> What to work on: Of the entries below, return only those lines from the line with "Also the rack frame (1026, 351, 1054, 534)." to the line with "Also the wall cable (919, 0, 933, 12).", exactly, both included.

> Saved entries:
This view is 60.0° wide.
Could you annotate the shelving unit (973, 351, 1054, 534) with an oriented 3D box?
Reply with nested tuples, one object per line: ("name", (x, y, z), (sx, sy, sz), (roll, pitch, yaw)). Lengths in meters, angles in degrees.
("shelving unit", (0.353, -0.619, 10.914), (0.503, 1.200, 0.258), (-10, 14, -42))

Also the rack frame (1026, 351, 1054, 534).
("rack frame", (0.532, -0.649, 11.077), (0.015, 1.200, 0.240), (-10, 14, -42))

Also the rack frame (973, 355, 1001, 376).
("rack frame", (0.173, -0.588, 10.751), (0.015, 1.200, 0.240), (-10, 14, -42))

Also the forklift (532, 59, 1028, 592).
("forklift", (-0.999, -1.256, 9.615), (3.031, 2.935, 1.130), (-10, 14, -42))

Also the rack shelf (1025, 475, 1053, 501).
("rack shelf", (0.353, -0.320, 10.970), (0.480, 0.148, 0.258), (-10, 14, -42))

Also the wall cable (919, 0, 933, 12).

* * *

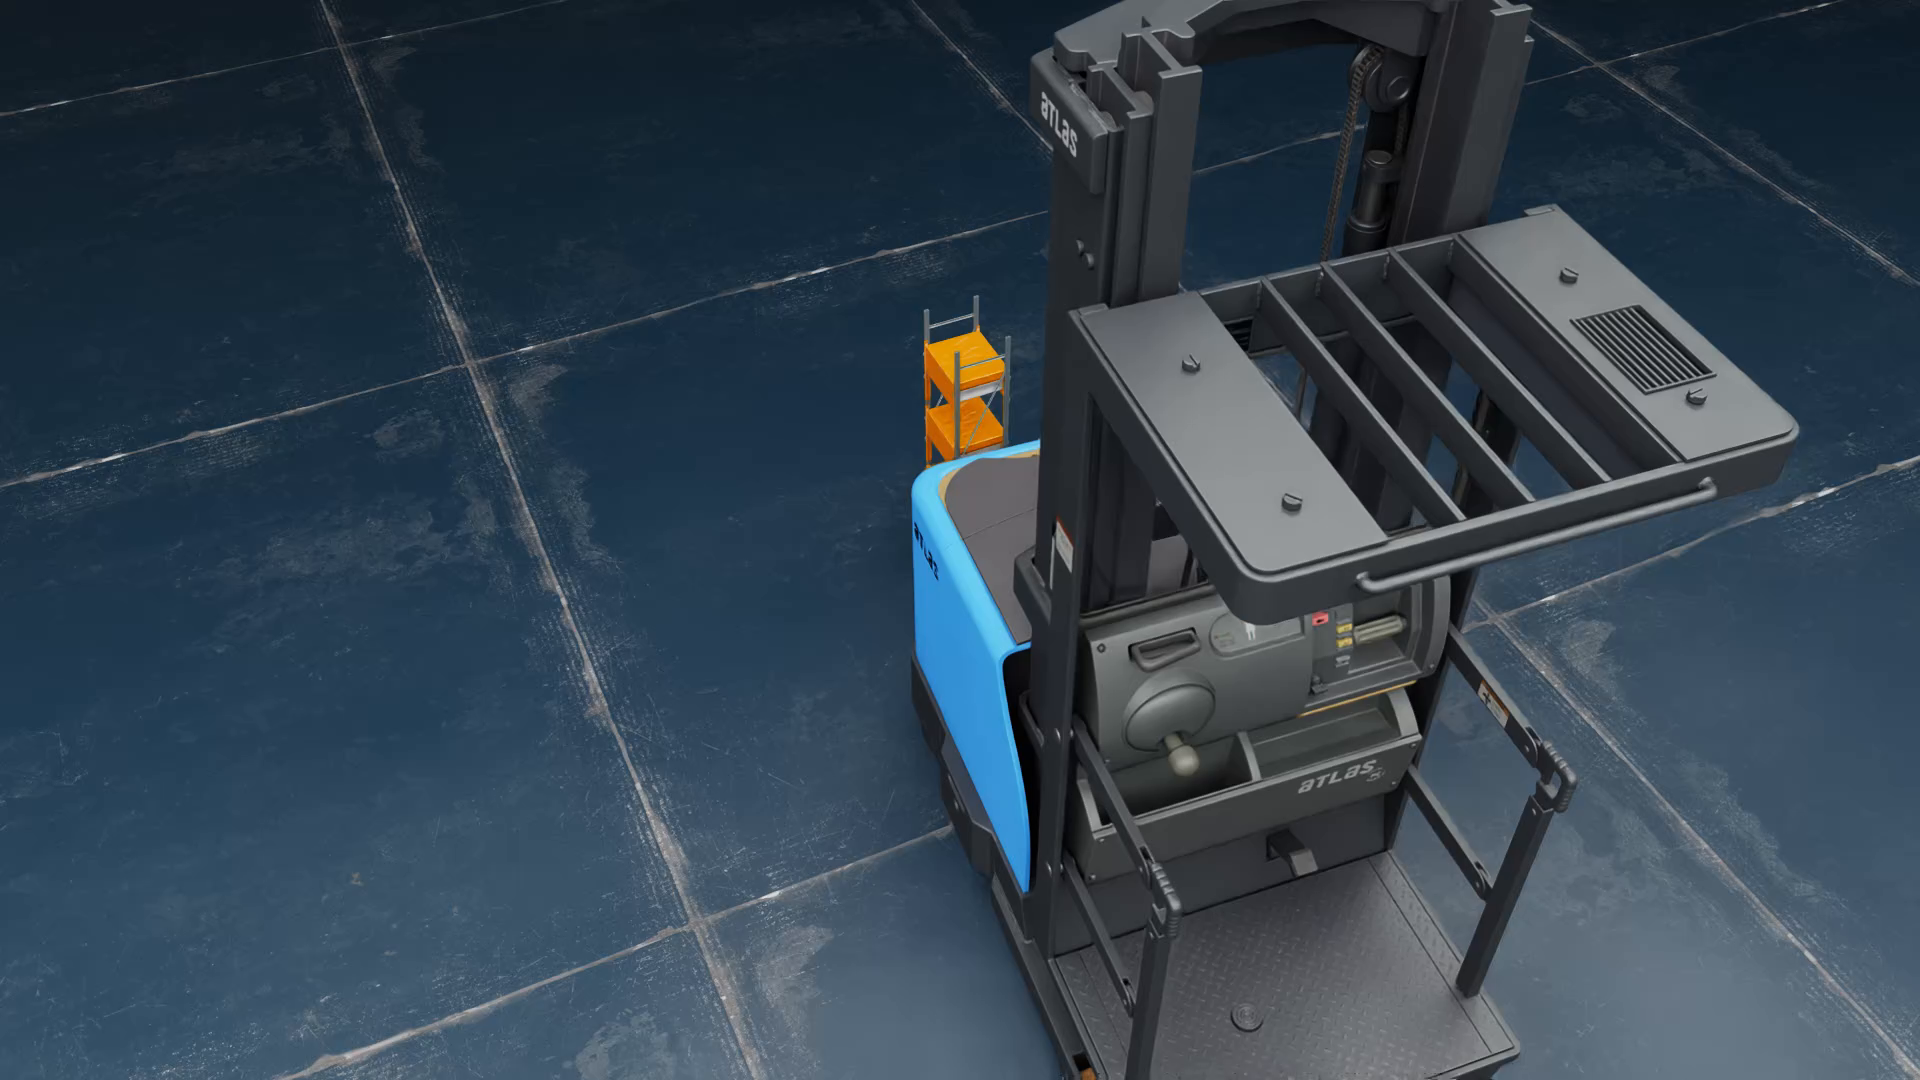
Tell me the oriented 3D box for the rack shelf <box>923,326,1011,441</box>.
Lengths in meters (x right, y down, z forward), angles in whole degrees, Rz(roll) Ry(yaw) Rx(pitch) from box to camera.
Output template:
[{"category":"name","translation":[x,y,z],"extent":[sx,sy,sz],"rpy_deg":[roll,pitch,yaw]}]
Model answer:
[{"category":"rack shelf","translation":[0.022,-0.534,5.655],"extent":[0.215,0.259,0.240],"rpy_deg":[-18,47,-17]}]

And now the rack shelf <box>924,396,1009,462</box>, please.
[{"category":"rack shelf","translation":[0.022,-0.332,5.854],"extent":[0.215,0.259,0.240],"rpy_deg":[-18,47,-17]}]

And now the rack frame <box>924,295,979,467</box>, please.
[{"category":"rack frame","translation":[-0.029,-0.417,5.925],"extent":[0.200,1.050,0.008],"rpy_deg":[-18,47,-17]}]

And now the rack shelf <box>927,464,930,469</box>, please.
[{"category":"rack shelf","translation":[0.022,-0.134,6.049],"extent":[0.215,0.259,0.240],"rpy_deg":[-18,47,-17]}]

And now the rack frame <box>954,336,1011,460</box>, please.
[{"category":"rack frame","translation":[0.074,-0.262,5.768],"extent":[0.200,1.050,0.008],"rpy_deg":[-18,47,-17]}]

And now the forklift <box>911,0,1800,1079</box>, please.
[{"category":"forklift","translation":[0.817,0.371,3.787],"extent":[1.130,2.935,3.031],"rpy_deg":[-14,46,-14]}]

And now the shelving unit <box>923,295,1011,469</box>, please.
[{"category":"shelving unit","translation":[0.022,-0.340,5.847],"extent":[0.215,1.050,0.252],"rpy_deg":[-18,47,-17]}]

> Exercise solution:
Also the rack frame (1026, 351, 1054, 534).
("rack frame", (0.532, -0.649, 11.077), (0.015, 1.200, 0.240), (-10, 14, -42))

Also the rack frame (973, 355, 1001, 376).
("rack frame", (0.173, -0.588, 10.751), (0.015, 1.200, 0.240), (-10, 14, -42))

Also the forklift (532, 59, 1028, 592).
("forklift", (-0.999, -1.256, 9.615), (3.031, 2.935, 1.130), (-10, 14, -42))

Also the rack shelf (1025, 475, 1053, 501).
("rack shelf", (0.353, -0.320, 10.970), (0.480, 0.148, 0.258), (-10, 14, -42))

Also the wall cable (919, 0, 933, 12).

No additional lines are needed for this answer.